P91 Tabla PWHT

P91 steel is an attractive material for power boilers and other high-temperature applications, offering excellent combinations of mechanical properties at higher temperatures such as strength, creep resistance and Charpy impact toughness.

Recent studies have demonstrated that different conditions for normalizing and tempering (NT) of P91 steel welds can produce optimal mechanical properties in the HAZ without needing post weld heat treatment.

Hardness

SA 335 grade 91 is a modified high-chromium-moly martensitic steel designed for elevated temperatures in power plants and other high performance applications, such as welding. It boasts good creep strength and toughness as well as corrosion resistance and weldability; however, during welding or postweld heat treatment (PWHT), its hardness may decrease leading to cracking or early failure.

Studies on the effects of various welding processes, types of filler wires and preheat/interpass temperatures on P91 were once rare; however, recently it has become more prevalent to repair P91 pipelines with dissimilar welds using similar welding processes and filler metal as original welds; this requires HAZ hardness levels being lower than their parent metal; how this can be accomplished within reasonable amounts of time in PWHT awaits further investigation.

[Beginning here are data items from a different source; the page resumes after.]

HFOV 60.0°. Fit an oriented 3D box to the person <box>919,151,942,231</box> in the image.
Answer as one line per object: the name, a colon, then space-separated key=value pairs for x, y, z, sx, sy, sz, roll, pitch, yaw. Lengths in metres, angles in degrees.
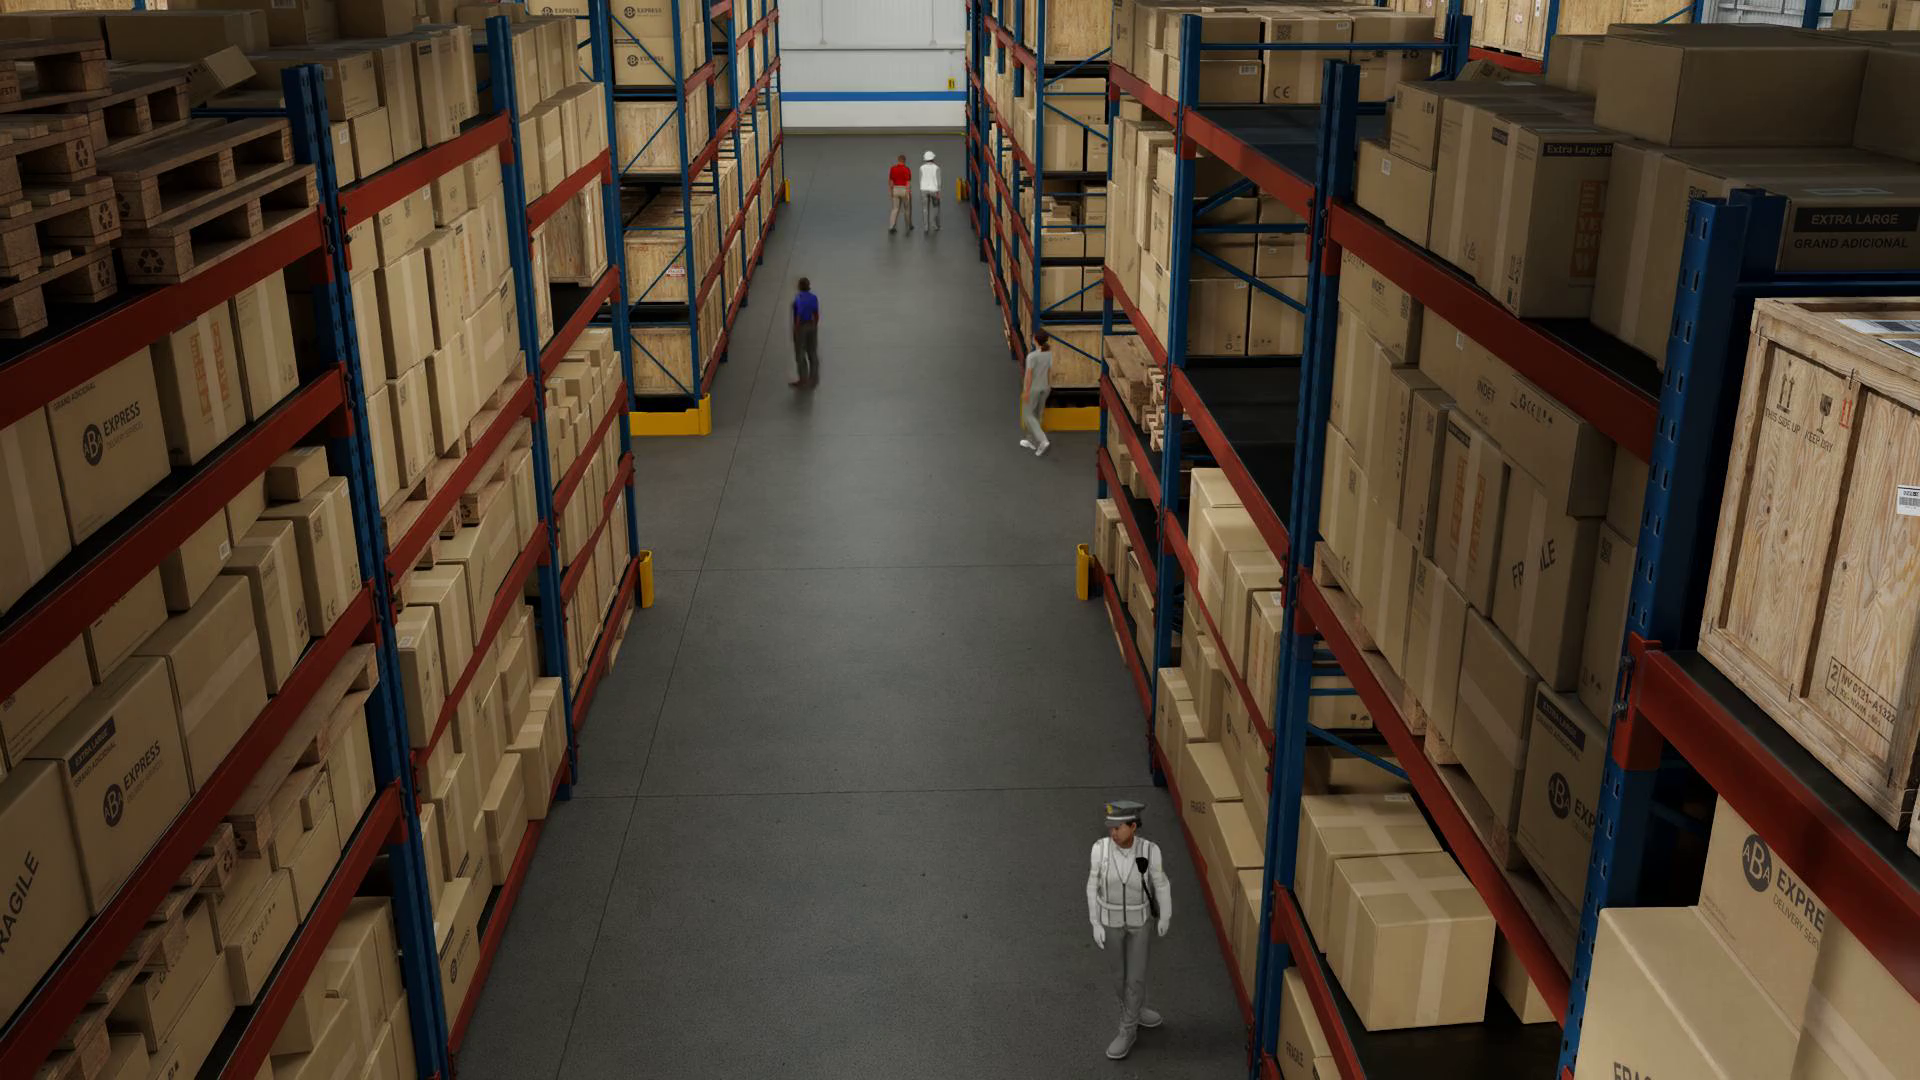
person: x=-0.662 y=-7.907 z=37.626 sx=0.542 sy=1.766 sz=0.706 roll=2 pitch=21 yaw=5

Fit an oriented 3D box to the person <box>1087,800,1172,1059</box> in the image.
person: x=1.045 y=2.368 z=10.287 sx=0.533 sy=1.667 sz=0.516 roll=1 pitch=21 yaw=4

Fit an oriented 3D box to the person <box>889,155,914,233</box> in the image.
person: x=-1.344 y=-7.808 z=37.500 sx=0.547 sy=1.722 sz=0.842 roll=7 pitch=22 yaw=19

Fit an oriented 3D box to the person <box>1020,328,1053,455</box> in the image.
person: x=1.009 y=-1.964 z=21.880 sx=0.443 sy=1.669 sz=0.702 roll=-17 pitch=26 yaw=-38

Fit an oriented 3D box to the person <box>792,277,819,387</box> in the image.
person: x=-2.348 y=-3.142 z=25.069 sx=0.342 sy=1.659 sz=0.439 roll=18 pitch=27 yaw=40
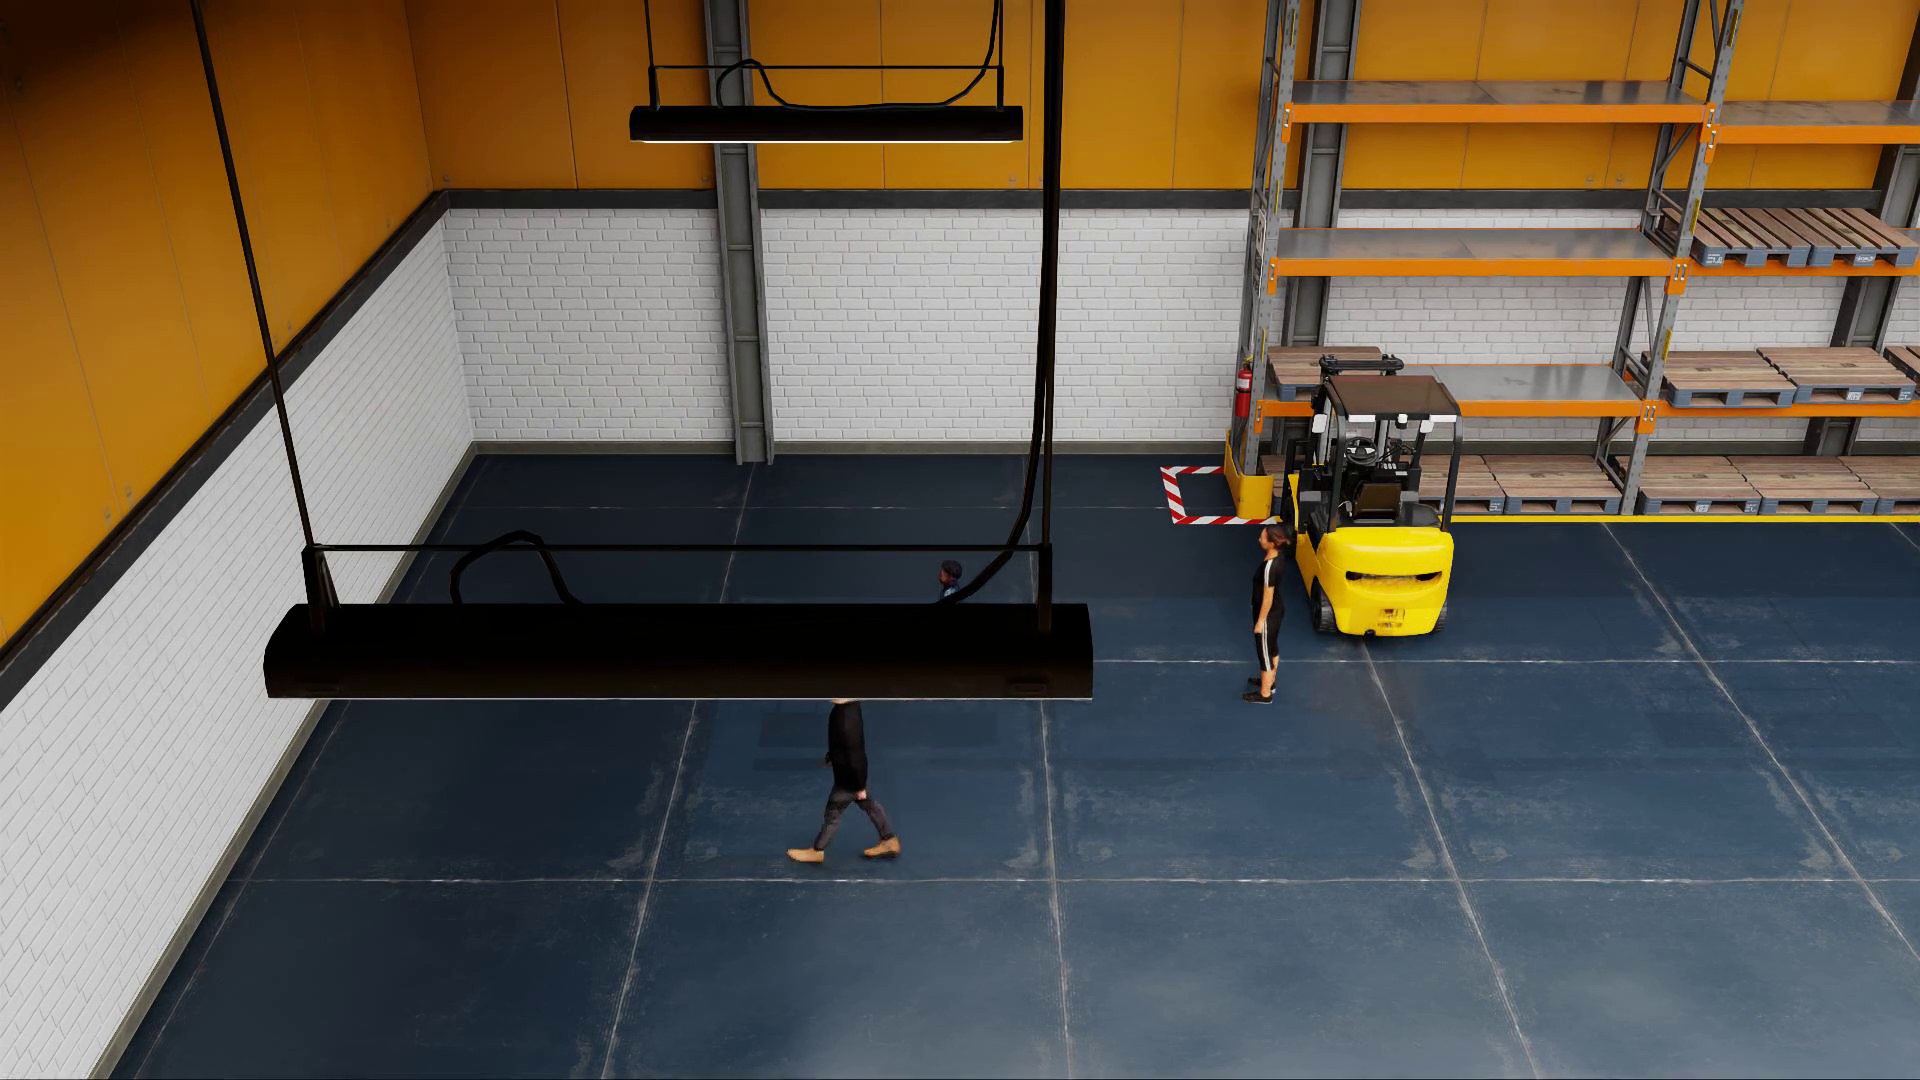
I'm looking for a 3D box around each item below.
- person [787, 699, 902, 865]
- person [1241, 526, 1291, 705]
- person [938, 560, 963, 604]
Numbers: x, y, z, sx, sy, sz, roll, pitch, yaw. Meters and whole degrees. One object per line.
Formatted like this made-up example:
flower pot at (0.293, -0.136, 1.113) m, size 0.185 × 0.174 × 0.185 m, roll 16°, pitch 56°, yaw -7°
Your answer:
person at (-0.737, 1.676, 12.157) m, size 1.056 × 1.688 × 0.642 m, roll 0°, pitch 29°, yaw 0°
person at (2.622, 0.618, 14.117) m, size 0.616 × 1.669 × 0.643 m, roll 11°, pitch 30°, yaw 19°
person at (0.000, 0.746, 14.345) m, size 0.933 × 1.225 × 0.629 m, roll 6°, pitch 29°, yaw 11°

Some power plant projects reported type IV cracks in their weld HAZ during operation. These cracks were likely the result of insufficient PWHT. Our investigation concluded that PWHT at 750 degC for two hours is ideal to reduce hardness in weld HAZ while providing sufficient microstructure and an acceptable hardness difference with parent metal.

Creep Strength

Creep strength of p91 measures how much stress a material can withstand before deforming, with creep resistance depending on factors like grain size and operating temperature as well as chemical composition that impacts transformation temperatures and other properties of its composition.

To establish the creep limit of a metal, designers use a ratio between rupture stress and its stress-deformation curve, extrapolated up to 100,000 hours, and calculated minimum creep rates over this timeframe. Rupture stress measures both end point rupture stress as well as necessary stress to reach this point – it is reported as both stress and time values.

Martensitic heat resistant p91 steel (9Cr-1Mo-V-Nb) is commonly employed in fossil fuel power plants for boiler headers and other components due to its excellent steam corrosion resistance, low thermal expansion rate, high thermal conductivity and weldability; however in-service failures of components constructed of this metal have been reported after relatively short service duration.

Failures occur because of reduced creep strength properties due to fine-grained areas in the heat affected zone (HAZ).

Charpy Toughness

P91 steel is ideal for use in long-term power plant components that operate at high temperatures, including those exposed to creep and thermal load resistance, high ductility and minimal thermal expansion. As its oxidation resistance falls below 610 degC, its applications for power generation become limited. Furthermore, poor impact toughness limits its use under dynamic loads; to enhance this property further it is recommended to post-weld heat treat (PWHT). DIN EN 288-3 provides mechanical tests on real weld HAZ specimens, in which crack propagation through each subzone differs depending on its microstructure and results in variations in impact energy between tests.

Multi-pass shielded metal arc welds of P91 and P22 steel produce poor impact toughness in their weld fusion zones (FGHAZs). This is due to an accumulation of untempered martensite in this area due to improper PWHT.

Studies have demonstrated the effects of diffusible hydrogen level and PWHT duration on weldments’ mechanical properties and hardness gradient. Pandey et al. investigated this factor’s effect on microstructure and tensile properties for multi-pass welded P91 plate weldments using SMAW with four different hydrogen levels, showing higher diffusible hydrogen and PWHT duration resulted in improved tensile properties but decreased impact toughness.

Resistencia a la corrosión

Grade 91 steel is known for its excellent corrosion resistance; however, stress-induced martensite and creep damage may cause corrosion to occur. Postweld heat treatment (PWHT) may help mitigate these effects; however, this method may not always be feasible or cost effective, particularly during repairs in service.

As part of its objective to develop weld repair procedures for grade 91 without PWHT, the research conducted in this project focused on investigating the metallurgical behavior of materials during welding and heat-treating processes, by evaluating microstructures of weld and HAZ specimens produced after welding; mechanical tests were then conducted on real welds to measure HAZ toughness.

Comparisons were also performed on different welding techniques, focusing on their effect of preheat/interpass temperatures and welding currents. Electrodes with diameters matching those found in grade 91 proved most suitable for developing welding procedures without PWHT; using combinations of SMAW electrodes of diameters 3.2mm (1/8in, first layer) and 4.0mm (5/32in, second layer) produced significant refinement while tempering was limited within HAZs.

Postweld heat treatments of TIG weld joints between P22 and grade 91 steels using Inconel 625 filler metal are best performed at 750 degC for 2 hours to obtain optimal compromise between hardness of interface and weld metal properties, while maintaining high mechanical properties across a broad temperature spectrum.